What to produce: Copy each line of the following data that contains "Ride".

::: Excerpted data

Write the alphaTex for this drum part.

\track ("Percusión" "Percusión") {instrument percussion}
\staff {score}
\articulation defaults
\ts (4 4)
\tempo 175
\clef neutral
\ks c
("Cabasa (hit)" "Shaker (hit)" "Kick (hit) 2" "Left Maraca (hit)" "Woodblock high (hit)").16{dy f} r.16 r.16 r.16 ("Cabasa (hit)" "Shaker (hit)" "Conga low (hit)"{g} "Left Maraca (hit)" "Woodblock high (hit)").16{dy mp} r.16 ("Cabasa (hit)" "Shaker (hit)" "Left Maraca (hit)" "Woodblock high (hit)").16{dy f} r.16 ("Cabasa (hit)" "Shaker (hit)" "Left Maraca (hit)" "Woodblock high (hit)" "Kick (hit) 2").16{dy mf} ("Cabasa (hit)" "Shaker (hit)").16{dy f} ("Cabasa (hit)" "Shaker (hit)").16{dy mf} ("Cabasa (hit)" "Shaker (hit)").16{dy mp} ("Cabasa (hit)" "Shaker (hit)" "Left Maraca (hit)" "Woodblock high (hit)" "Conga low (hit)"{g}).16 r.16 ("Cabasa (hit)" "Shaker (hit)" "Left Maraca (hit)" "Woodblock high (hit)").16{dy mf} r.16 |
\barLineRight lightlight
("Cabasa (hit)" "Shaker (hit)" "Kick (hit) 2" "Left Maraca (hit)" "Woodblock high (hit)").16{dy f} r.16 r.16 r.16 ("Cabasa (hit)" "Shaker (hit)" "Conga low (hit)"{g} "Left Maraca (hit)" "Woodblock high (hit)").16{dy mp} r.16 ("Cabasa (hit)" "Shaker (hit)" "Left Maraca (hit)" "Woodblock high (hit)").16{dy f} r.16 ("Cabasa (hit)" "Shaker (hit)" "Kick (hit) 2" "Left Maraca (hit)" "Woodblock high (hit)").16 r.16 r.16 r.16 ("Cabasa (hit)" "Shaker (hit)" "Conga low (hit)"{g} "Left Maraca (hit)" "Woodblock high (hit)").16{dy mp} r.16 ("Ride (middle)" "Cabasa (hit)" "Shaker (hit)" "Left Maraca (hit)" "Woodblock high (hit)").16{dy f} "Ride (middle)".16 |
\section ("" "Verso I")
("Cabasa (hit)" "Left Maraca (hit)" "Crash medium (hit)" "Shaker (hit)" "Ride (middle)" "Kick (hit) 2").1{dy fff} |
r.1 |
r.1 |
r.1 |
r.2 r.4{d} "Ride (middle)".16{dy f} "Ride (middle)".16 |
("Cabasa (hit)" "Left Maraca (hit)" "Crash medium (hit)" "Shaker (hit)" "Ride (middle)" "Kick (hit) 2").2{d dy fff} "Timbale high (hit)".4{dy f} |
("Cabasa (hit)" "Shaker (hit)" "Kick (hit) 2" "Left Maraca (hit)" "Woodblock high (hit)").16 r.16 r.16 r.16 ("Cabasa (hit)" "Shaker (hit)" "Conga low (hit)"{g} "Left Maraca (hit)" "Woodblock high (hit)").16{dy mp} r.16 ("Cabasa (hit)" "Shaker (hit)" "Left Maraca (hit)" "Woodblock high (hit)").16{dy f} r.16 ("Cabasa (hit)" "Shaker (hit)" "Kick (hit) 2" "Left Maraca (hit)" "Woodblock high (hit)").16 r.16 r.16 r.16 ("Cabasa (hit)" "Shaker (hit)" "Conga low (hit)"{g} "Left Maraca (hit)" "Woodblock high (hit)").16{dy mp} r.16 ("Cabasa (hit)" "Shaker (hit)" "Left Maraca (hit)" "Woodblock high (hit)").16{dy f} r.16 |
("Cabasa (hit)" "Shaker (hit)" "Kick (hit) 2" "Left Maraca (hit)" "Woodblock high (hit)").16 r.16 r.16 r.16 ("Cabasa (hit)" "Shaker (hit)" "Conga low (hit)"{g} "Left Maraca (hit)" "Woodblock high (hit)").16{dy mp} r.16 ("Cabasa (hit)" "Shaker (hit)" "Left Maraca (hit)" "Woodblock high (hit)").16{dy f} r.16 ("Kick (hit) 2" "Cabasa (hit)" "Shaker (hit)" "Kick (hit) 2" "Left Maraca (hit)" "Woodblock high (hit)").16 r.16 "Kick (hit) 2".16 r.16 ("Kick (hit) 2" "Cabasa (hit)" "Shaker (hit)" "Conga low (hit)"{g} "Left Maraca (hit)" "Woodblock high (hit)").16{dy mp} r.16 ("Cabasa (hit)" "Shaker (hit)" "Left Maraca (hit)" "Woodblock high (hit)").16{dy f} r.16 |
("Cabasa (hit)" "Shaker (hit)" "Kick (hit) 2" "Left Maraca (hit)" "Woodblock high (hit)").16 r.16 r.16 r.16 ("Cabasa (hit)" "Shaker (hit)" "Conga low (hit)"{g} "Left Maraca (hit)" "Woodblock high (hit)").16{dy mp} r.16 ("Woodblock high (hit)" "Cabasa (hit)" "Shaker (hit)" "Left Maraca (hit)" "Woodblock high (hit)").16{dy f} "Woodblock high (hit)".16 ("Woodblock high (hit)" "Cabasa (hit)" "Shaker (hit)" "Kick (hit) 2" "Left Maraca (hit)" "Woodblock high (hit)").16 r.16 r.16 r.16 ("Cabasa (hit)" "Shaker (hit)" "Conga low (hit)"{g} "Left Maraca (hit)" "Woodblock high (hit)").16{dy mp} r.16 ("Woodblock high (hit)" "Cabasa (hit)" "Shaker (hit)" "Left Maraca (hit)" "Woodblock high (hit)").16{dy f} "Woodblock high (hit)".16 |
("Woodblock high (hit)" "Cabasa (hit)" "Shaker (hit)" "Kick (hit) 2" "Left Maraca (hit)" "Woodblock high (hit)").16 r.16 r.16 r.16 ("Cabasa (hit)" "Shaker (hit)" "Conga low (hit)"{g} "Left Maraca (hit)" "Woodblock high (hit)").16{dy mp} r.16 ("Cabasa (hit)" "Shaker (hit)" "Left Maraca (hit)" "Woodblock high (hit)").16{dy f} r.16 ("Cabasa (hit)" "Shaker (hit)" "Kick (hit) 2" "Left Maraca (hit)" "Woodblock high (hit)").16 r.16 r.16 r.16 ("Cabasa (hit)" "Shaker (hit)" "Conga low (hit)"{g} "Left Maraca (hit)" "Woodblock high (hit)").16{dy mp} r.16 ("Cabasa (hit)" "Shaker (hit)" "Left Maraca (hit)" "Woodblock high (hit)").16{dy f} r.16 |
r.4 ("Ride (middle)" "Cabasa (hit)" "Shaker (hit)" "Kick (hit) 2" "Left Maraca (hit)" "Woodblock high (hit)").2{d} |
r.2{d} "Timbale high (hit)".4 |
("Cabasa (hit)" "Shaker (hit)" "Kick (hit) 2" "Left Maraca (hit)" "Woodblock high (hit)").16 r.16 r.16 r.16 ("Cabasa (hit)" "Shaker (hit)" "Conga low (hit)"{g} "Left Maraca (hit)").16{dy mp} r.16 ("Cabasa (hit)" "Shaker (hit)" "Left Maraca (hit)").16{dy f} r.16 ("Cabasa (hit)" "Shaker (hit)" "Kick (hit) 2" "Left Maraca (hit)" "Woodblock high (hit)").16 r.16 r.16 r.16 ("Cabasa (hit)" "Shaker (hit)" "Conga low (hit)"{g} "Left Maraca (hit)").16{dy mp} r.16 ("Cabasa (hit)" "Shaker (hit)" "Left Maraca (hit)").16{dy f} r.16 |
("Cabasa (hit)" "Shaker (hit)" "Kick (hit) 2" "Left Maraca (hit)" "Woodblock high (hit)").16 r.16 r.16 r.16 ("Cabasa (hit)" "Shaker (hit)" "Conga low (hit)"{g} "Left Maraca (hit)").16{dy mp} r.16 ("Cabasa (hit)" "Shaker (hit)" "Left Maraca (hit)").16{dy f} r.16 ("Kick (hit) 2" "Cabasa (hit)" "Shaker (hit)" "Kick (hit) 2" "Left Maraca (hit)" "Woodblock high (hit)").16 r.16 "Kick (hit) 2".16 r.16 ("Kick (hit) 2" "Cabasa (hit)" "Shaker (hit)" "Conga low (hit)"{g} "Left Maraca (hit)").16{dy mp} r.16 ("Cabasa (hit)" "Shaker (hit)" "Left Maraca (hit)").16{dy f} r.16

::::::

Task result:
("Cabasa (hit)" "Shaker (hit)" "Kick (hit) 2" "Left Maraca (hit)" "Woodblock high (hit)").16{dy f} r.16 r.16 r.16 ("Cabasa (hit)" "Shaker (hit)" "Conga low (hit)"{g} "Left Maraca (hit)" "Woodblock high (hit)").16{dy mp} r.16 ("Cabasa (hit)" "Shaker (hit)" "Left Maraca (hit)" "Woodblock high (hit)").16{dy f} r.16 ("Cabasa (hit)" "Shaker (hit)" "Kick (hit) 2" "Left Maraca (hit)" "Woodblock high (hit)").16 r.16 r.16 r.16 ("Cabasa (hit)" "Shaker (hit)" "Conga low (hit)"{g} "Left Maraca (hit)" "Woodblock high (hit)").16{dy mp} r.16 ("Ride (middle)" "Cabasa (hit)" "Shaker (hit)" "Left Maraca (hit)" "Woodblock high (hit)").16{dy f} "Ride (middle)".16 |
("Cabasa (hit)" "Left Maraca (hit)" "Crash medium (hit)" "Shaker (hit)" "Ride (middle)" "Kick (hit) 2").1{dy fff} |
r.2 r.4{d} "Ride (middle)".16{dy f} "Ride (middle)".16 |
("Cabasa (hit)" "Left Maraca (hit)" "Crash medium (hit)" "Shaker (hit)" "Ride (middle)" "Kick (hit) 2").2{d dy fff} "Timbale high (hit)".4{dy f} |
r.4 ("Ride (middle)" "Cabasa (hit)" "Shaker (hit)" "Kick (hit) 2" "Left Maraca (hit)" "Woodblock high (hit)").2{d} |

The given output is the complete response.